◆ Task brief:
Look for the string "object" in the listing below and copy every line in which it appears.

◆ Material for the task:
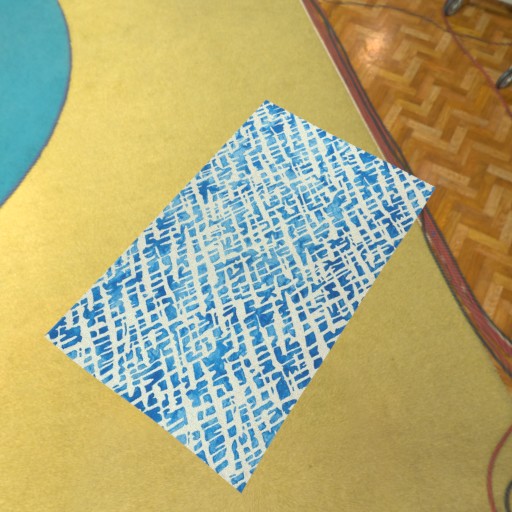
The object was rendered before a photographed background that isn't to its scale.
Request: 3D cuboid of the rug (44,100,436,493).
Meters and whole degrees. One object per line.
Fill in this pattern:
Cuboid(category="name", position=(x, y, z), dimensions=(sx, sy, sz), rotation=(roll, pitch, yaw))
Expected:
Cuboid(category="rug", position=(0.000, 0.000, 3.019), dimensions=(1.520, 0.011, 2.447), rotation=(32, 68, 15))

◆ Task solution:
The object was rendered before a photographed background that isn't to its scale.
Meters and whole degrees. One object per line.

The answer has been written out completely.